Diferentes neuronas humanas estudiadas en el Instituto Allen,
como parte del programa diseñado para registrar
 todos los diferentes tipos de células cerebrales humanas.



Si le preguntaras a Christof Koch, Doctor, Jefe Científico y Presidente del Instituto Allen para la Ciencia del Cerebro, qué tan cerca estamos de entender nuestros propios cerebros, se mostraría esquivo.

"Ni siquiera entendemos el cerebro de un gusano"

El gusano de laboratorio, más conocido técnicamente como Caenorhabditis elegans, alberga 302 neuronas y 7,000 conexiones entre esas neuronas en su cuerpo microscópico. Los investigadores han mapeado y descrito minuciosamente todas esas conexiones en los últimos años. Y todavía no entendemos completamente cómo funcionan estas neuronas y sus conexiones de manera sinérgica para dar lugar a los comportamientos del gusano.

Los humanos tenemos aproximadamente 86 mil millones de neuronas en nuestros cerebros, entrelazadas por un estimado de 100 billones de conexiones o sinapsis. Es una tarea desalentadora comprender los detalles de cómo funcionan esas células, y cómo se unen para formar nuestros sistemas sensoriales, nuestro comportamiento, nuestra conciencia.

Koch y sus colegas en el Instituto Allen para la Ciencia del Cerebro, una división del Instituto Allen, han reflexionado sobre cuánto aún no sabemos sobre el cerebro; y cómo los equipos de investigación están tratando de resolver esos misterios.



¿De qué está hecho el cerebro?



Reconstrucciones de neuronas humanas.


El cerebro se compone en gran parte de materia gris y materia blanca, tejido cerebral y sus interconexiones o haces de axones. Observándolo de cerca, se pueden distinguir las neuronas y la glía (el otro tipo de célula cerebral). Pero estamos lejos de comprender todos los tipos de neuronas y otras células cerebrales respecto a lo que hacen.

"¿Cómo podemos entender todo esto si ni siquiera entendemos cuántos componentes diferentes hay?"

Los investigadores a veces se refieren a esto como descubrir la "tabla periódica de tipos de células cerebrales". Los químicos tienen una tabla organizada que describe los 118 elementos químicos conocidos, los componentes básicos de la materia, pero los neurocientíficos carecen de una categorización tan bien definida de los bloques de construcción del cerebro.

Ordenar las neuronas no es tan simple.
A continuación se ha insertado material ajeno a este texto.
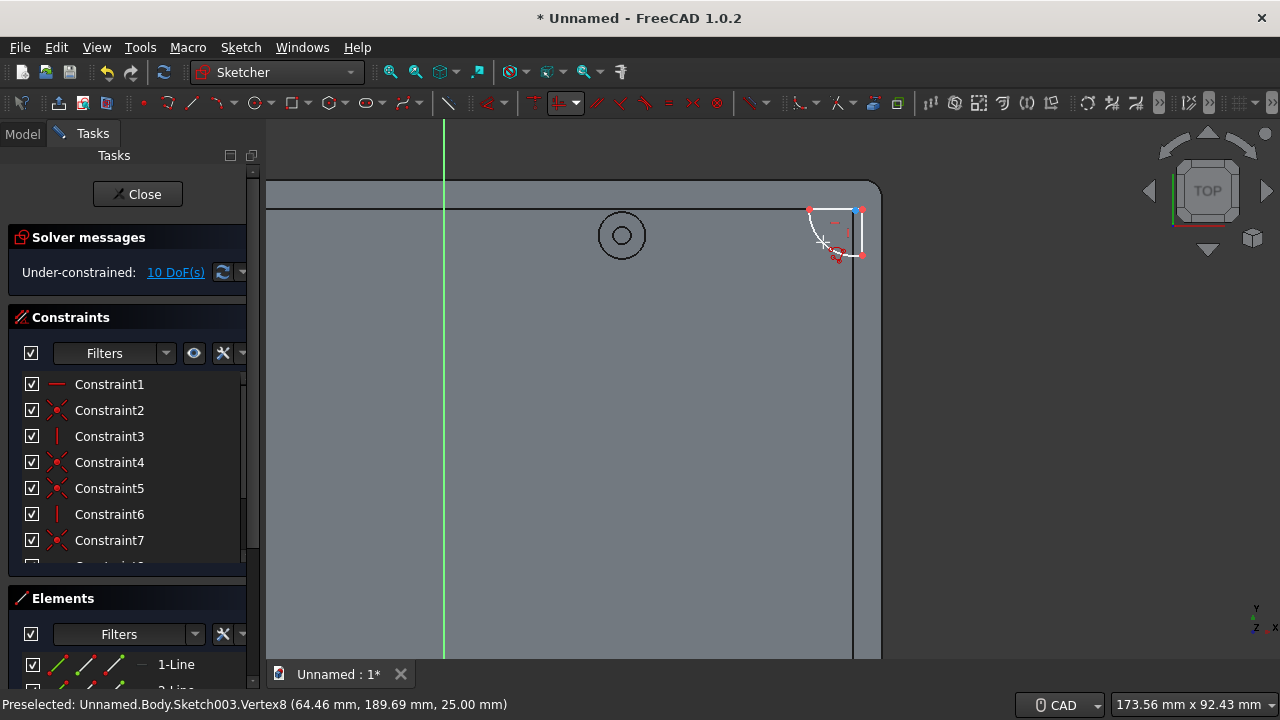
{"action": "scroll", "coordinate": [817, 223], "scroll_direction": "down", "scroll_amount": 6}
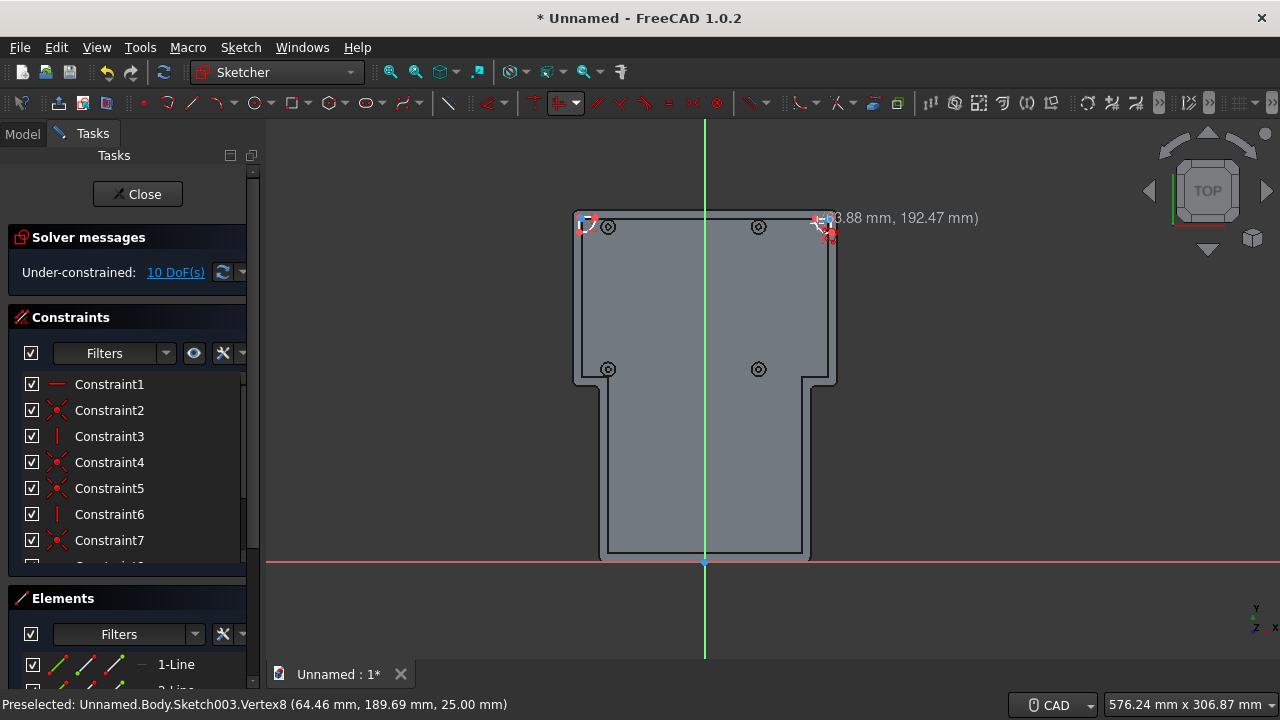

Los investigadores del Instituto Allen para la Ciencia del Cerebro están utilizando varias características para definir un tipo de célula cerebral. Los diferentes equipos del Instituto están clasificando las células en función de los genes que activan y desactivan, sus formas detalladas, las regiones del cerebro a las que se conectan y su comportamiento eléctrico único. Luego viene la difícil tarea de reunir toda esa información para definir los tipos de células cerebrales en función de todos estos atributos.

 



¿Cómo cambia el cerebro en la enfermedad?



Establecer la categorización de las partes del cerebro es necesario para que los investigadores puedan comprender mejor qué células del cerebro podrían ser la base de enfermedades neurológicas y psiquiátricas. Muchos trastornos neuropsiquiátricos no afectan a todo el cerebro de manera uniforme, sino que comienzan o son impulsados ​​por clases específicas de neuronas u otras células cerebrales.


Si los investigadores compilan la lista completa de tipos de células cerebrales, podrían ver qué tipos de células mueren, crecen sin control o cambian su curso en ciertas enfermedades del cerebro. Los investigadores podrían construir mejores herramientas para estudiar esas células desencadenantes de enfermedades, y posiblemente terapias dirigidas a un solo tipo de células en el corazón de la enfermedad.

Como parte del trabajo del Instituto Allen que estudia diferentes tipos de células cerebrales humanas, los investigadores desarrollan herramientas moleculares para aislar y rastrear esas células específicas. Esas herramientas podrían diseñarse potencialmente para administrar terapias genéticas específicas u otros tratamientos, directamente a un determinado tipo de célula. Los investigadores del Instituto Allen ahora están colaborando con un equipo del Instituto de Investigación Infantil de Seattle para evaluar si una de estas herramientas podría usarse para tratar el síndrome de Dravet, una forma poco común pero grave de epilepsia en la primera infancia que generalmente es causada por una mutación en un solo gen y que afecta a una clase específica de neuronas.


¿Cómo se comunican las neuronas?



 Imágenes de microscopio electrónico, o EM,
 de una sección del cerebro humano generada en el Instituto Allen.
 Esta técnica permite a los investigadores mapear el tejido cerebral
 hasta el nivel de sus conexiones individuales, o sinapsis.




Los libros de texto de biología nos dicen que el cerebro se comunica a través de sinapsis, conexiones especializadas entre dos neuronas diferentes.

La mayoría de las neuronas usan una de las dos moléculas de señalización comunes conocidas como neurotransmisores, GABA o glutamato, que se sabe que pasan a través de sinapsis especializadas. Pero hay muchos otros tipos de moléculas de señalización presentes en el cerebro, y no está claro cómo esas moléculas transmiten su mensaje.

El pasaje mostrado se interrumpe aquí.